***** Information supplied *****

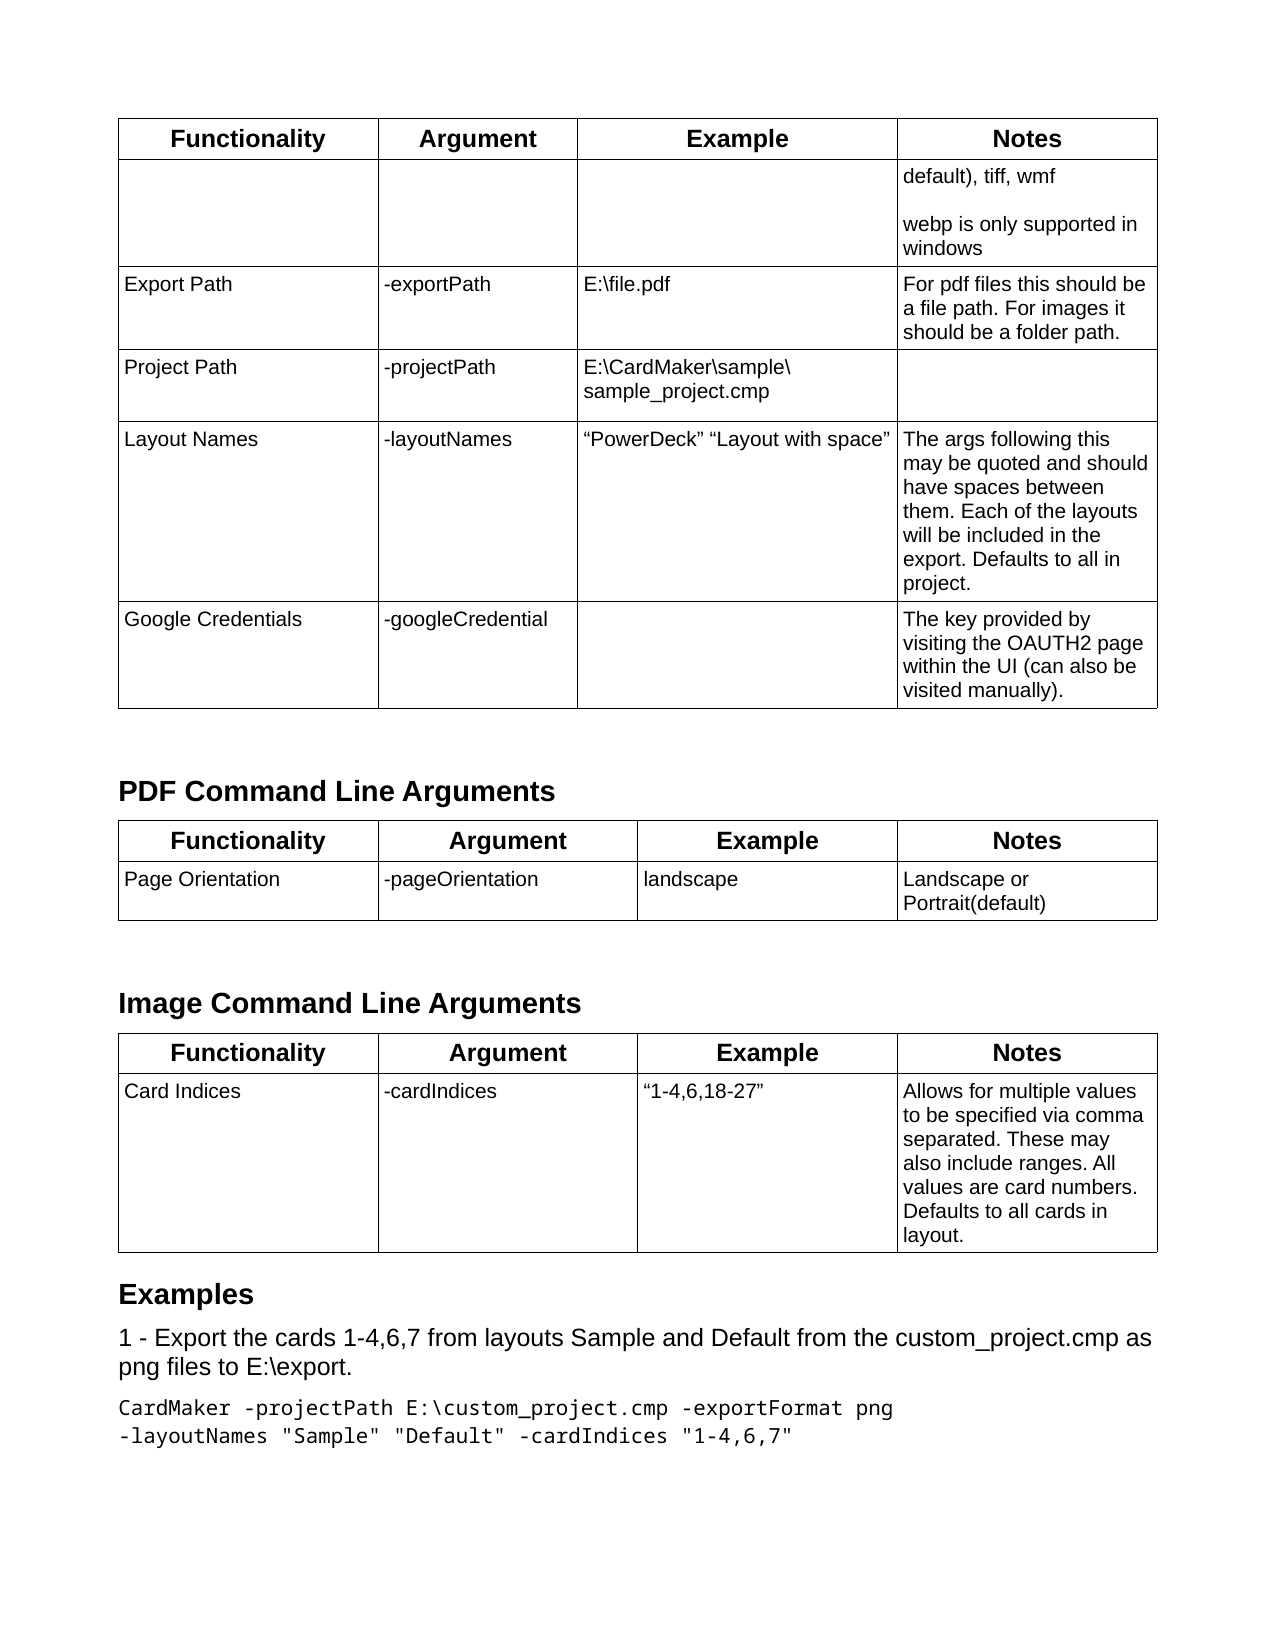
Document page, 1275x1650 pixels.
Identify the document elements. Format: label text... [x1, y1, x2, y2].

table_cell Page Orientation [119, 862, 378, 920]
table_cell “PowerDeck” “Layout with space” [578, 422, 897, 601]
table_header Example [638, 1034, 897, 1073]
table_cell For pdf files this should be a file path. For images it should be a folder path. [898, 267, 1157, 349]
table_cell The args following this may be quoted and should have spaces between them. Each of the layouts will be included in the export. Defaults to all in project. [898, 422, 1157, 601]
subtitle PDF Command Line Arguments [118, 774, 1157, 808]
table_cell [119, 160, 378, 266]
table_header Notes [898, 821, 1157, 861]
table_cell Allows for multiple values to be specified via comma separated. These may also include ranges. All values are card numbers. Defaults to all cards in layout. [898, 1074, 1157, 1252]
table_cell -projectPath [379, 350, 577, 421]
table_cell Layout Names [119, 422, 378, 601]
text CardMaker -projectPath E:\custom_project.cmp -exportFormat png -layoutNames "Sample" "Default" -cardIndices "1-4,6,7" [118, 1393, 1157, 1450]
table_cell [578, 602, 897, 708]
table_header Argument [379, 821, 637, 861]
table_cell [898, 350, 1157, 421]
table_cell -layoutNames [379, 422, 577, 601]
table_header Functionality [119, 1034, 378, 1073]
table_header Functionality [119, 821, 378, 861]
table_cell -cardIndices [379, 1074, 637, 1252]
subtitle Examples [118, 1277, 1157, 1311]
table_cell -googleCredential [379, 602, 577, 708]
table_header Example [578, 119, 897, 158]
table_cell -pageOrientation [379, 862, 637, 920]
table_header Functionality [119, 119, 378, 158]
table_header Argument [379, 119, 577, 158]
table_cell Google Credentials [119, 602, 378, 708]
subtitle Image Command Line Arguments [118, 986, 1157, 1020]
table_cell -exportPath [379, 267, 577, 349]
table_cell [379, 160, 577, 266]
table_cell [578, 160, 897, 266]
table_cell default), tiff, wmf webp is only supported in windows [898, 160, 1157, 266]
table_cell The key provided by visiting the OAUTH2 page within the UI (can also be visited manually). [898, 602, 1157, 708]
table_cell Card Indices [119, 1074, 378, 1252]
table_cell E:\CardMaker\sample\sample_project.cmp [578, 350, 897, 421]
table_header Notes [898, 1034, 1157, 1073]
table_cell “1-4,6,18-27” [638, 1074, 897, 1252]
table_header Notes [898, 119, 1157, 158]
table_cell Landscape or Portrait(default) [898, 862, 1157, 920]
table_header Example [638, 821, 897, 861]
table_cell Project Path [119, 350, 378, 421]
table_cell E:\file.pdf [578, 267, 897, 349]
text 1 - Export the cards 1-4,6,7 from layouts Sample and Default from the custom_project.cmp as png files to E:\export. [118, 1323, 1157, 1381]
table_cell Export Path [119, 267, 378, 349]
table_cell landscape [638, 862, 897, 920]
table_header Argument [379, 1034, 637, 1073]
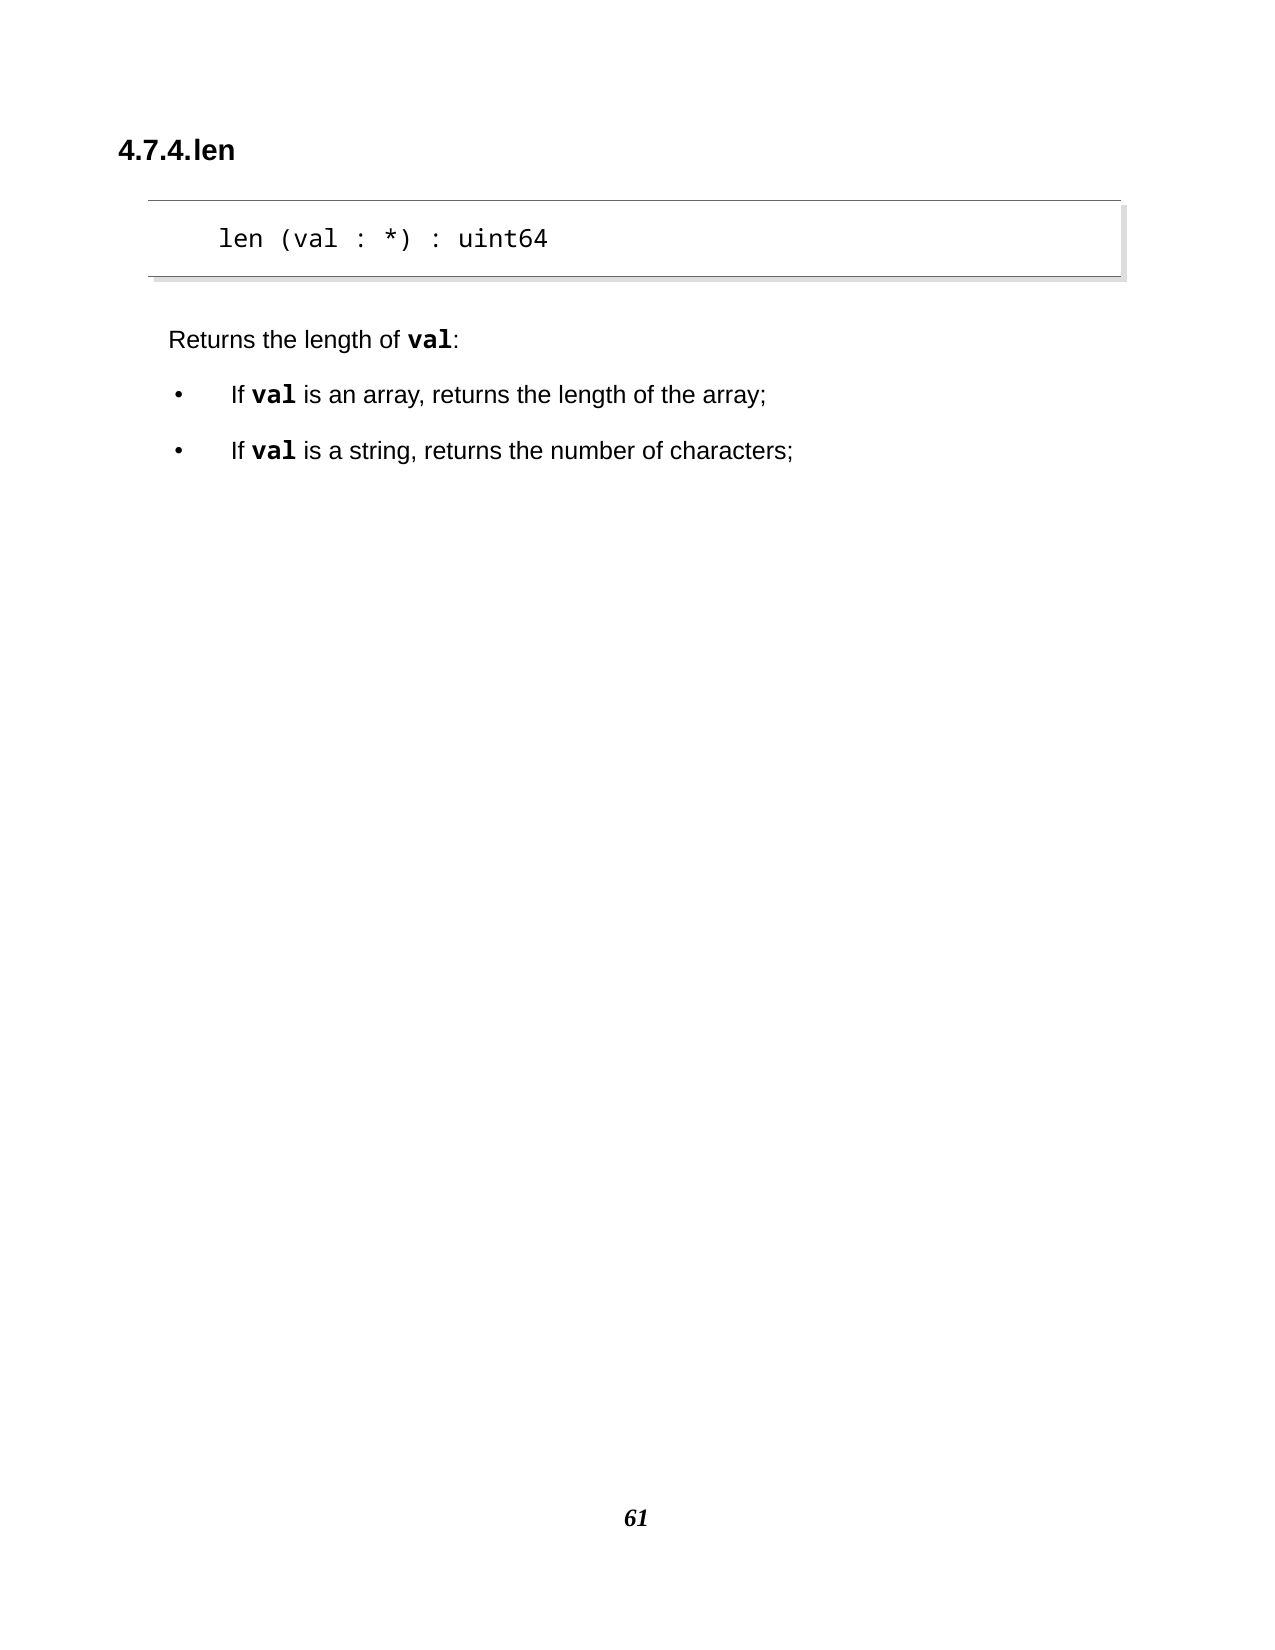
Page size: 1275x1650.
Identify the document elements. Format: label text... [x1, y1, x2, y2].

list If val is an array, returns the length of the array; [174, 377, 1157, 411]
text len (val : *) : uint64 [148, 201, 1121, 276]
subtitle len [118, 133, 1157, 166]
list If val is a string, returns the number of characters; [174, 432, 1157, 467]
text Returns the length of val: [118, 322, 1157, 356]

*****

> [Activity] Each line from the one that includes "subtitle len [118, 133, 1157, 166]" down to the close of the records above is to be given again exactly, and no other line is to appear.

> [Response area]
subtitle len [118, 133, 1157, 166]
list If val is a string, returns the number of characters; [174, 432, 1157, 467]
text Returns the length of val: [118, 322, 1157, 356]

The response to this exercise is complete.